• What you should do: Scan the entries below line by line and state how many lines contain the string "Input", giving only the number.

• Data shown:
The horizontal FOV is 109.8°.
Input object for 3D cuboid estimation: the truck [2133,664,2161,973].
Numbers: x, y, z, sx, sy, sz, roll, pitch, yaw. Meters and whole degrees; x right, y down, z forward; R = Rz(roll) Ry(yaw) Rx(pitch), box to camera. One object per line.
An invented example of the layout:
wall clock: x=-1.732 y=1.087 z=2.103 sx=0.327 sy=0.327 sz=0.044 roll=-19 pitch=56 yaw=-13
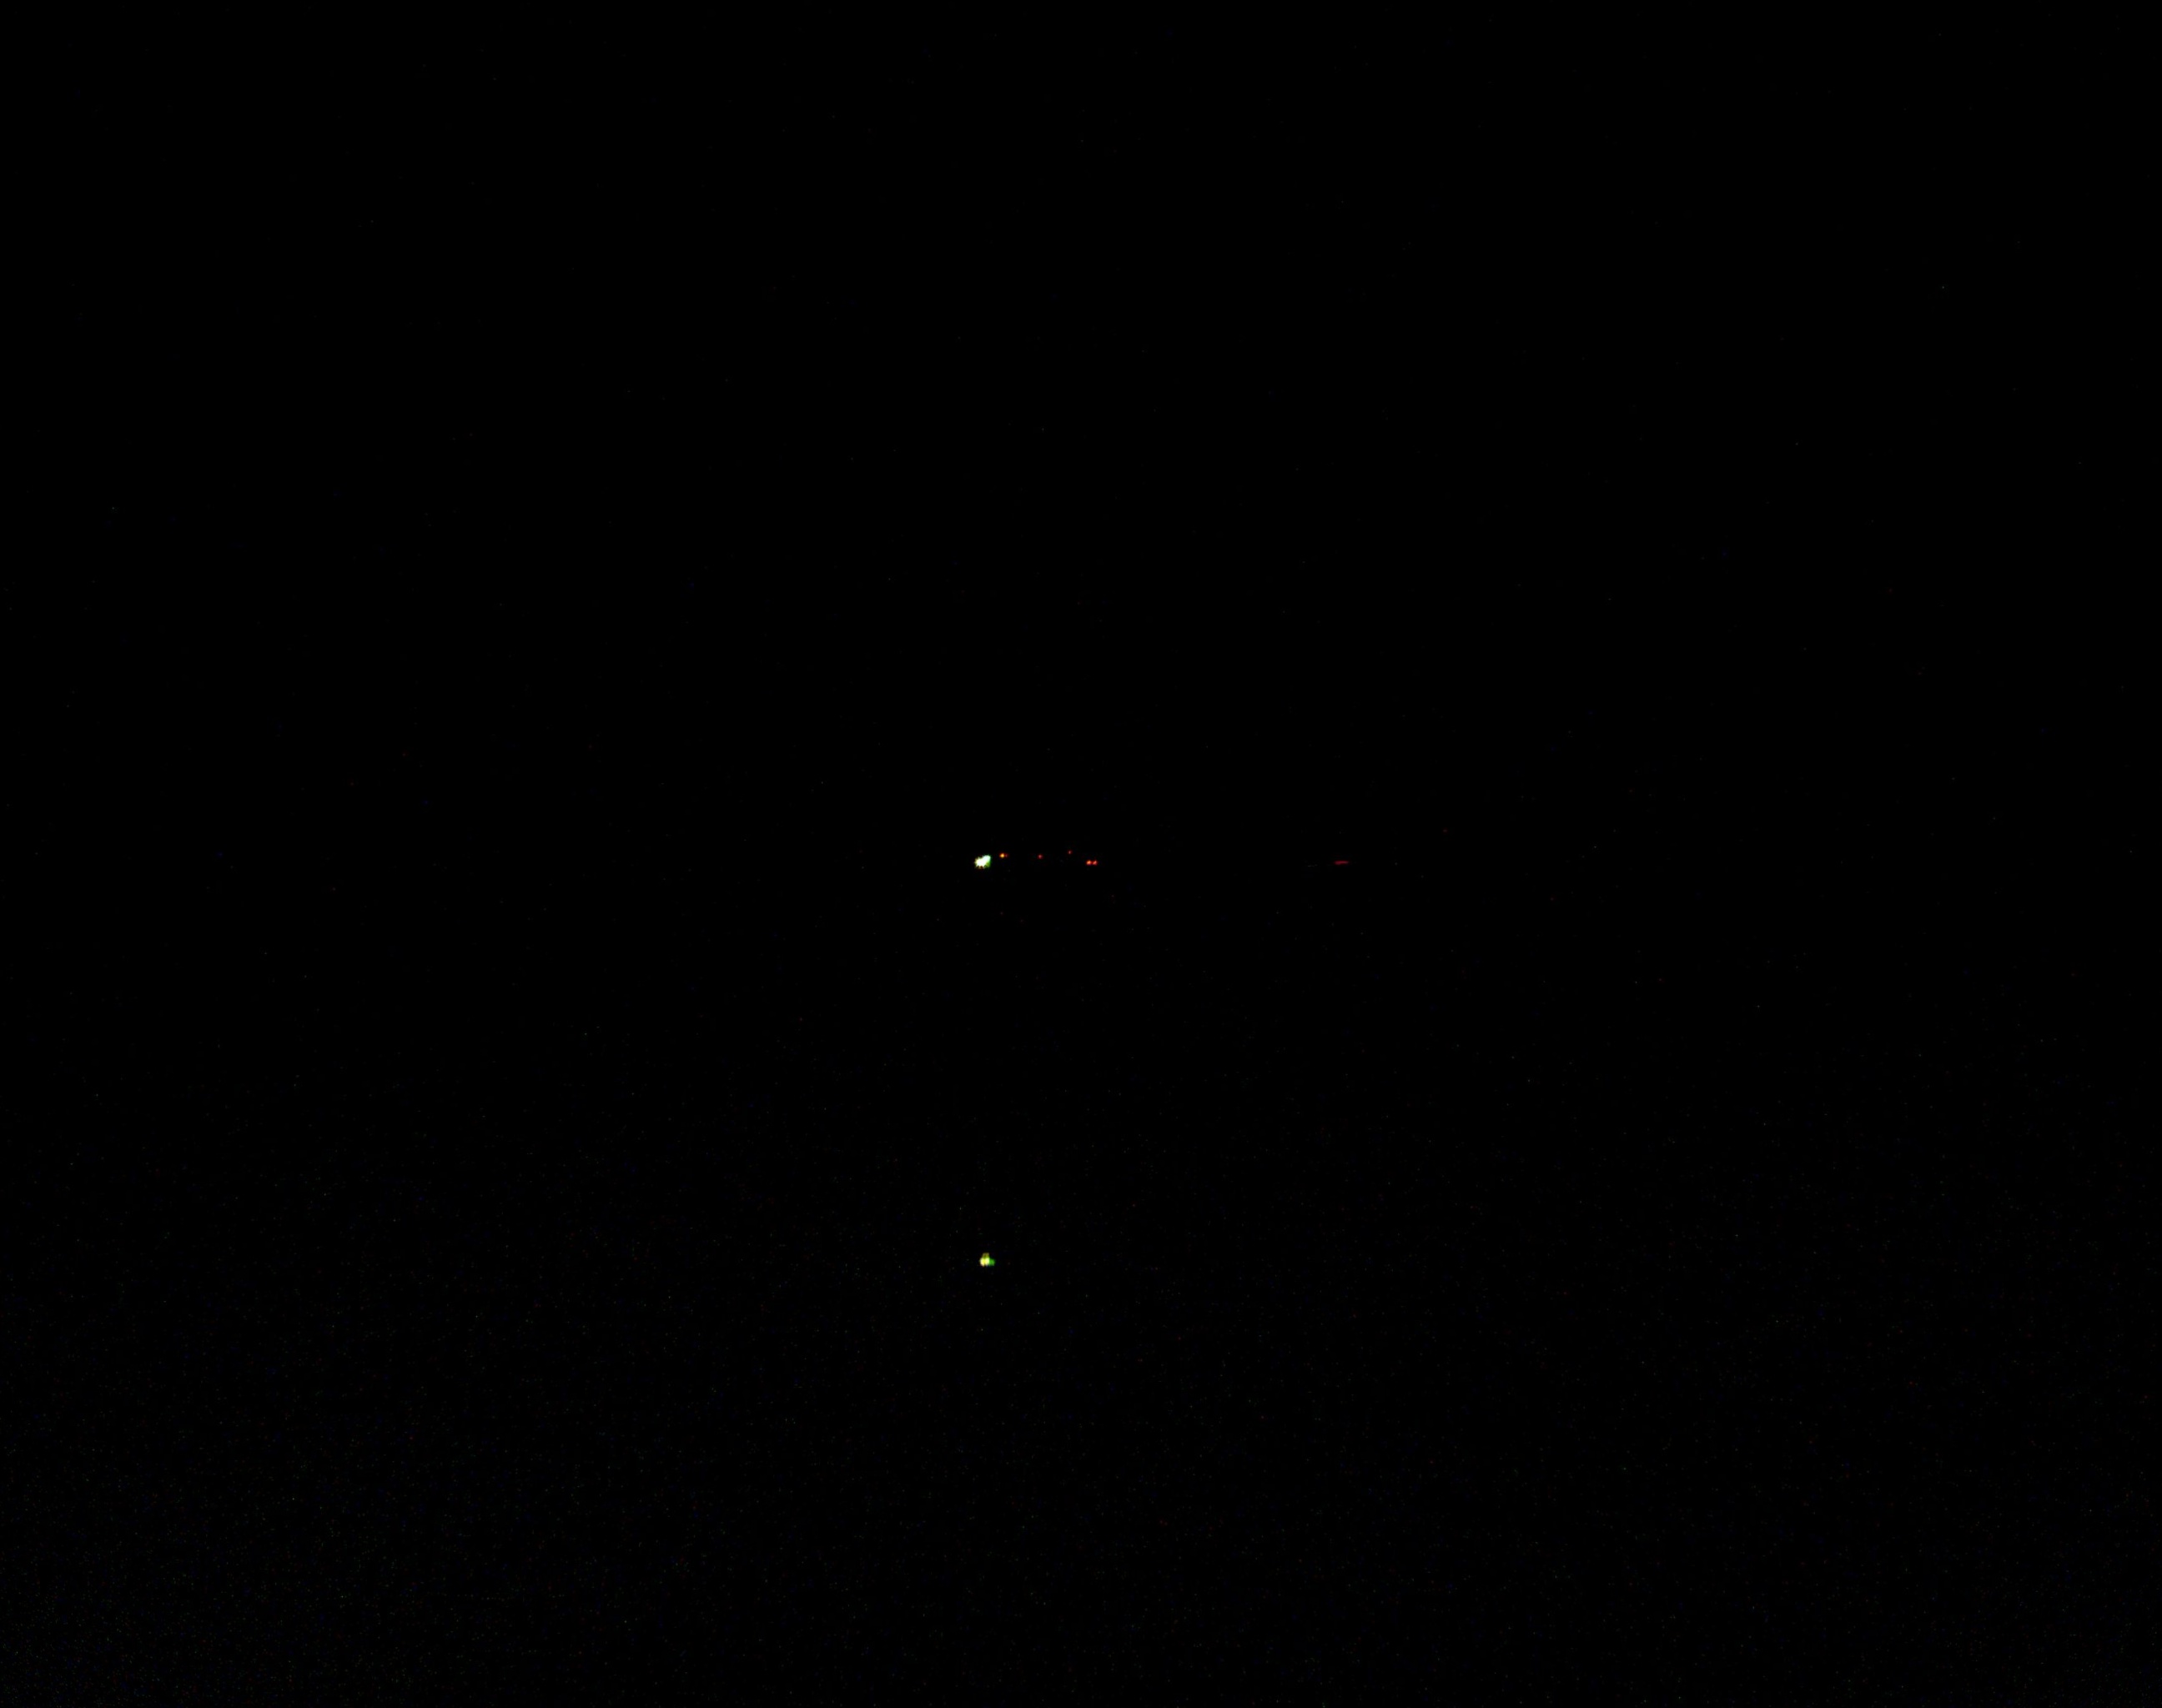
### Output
truck: x=15.271 y=-0.470 z=4.797 sx=2.687 sy=4.021 sz=10.654 roll=-1 pitch=0 yaw=1

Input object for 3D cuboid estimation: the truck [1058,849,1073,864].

• Exercise answer: 2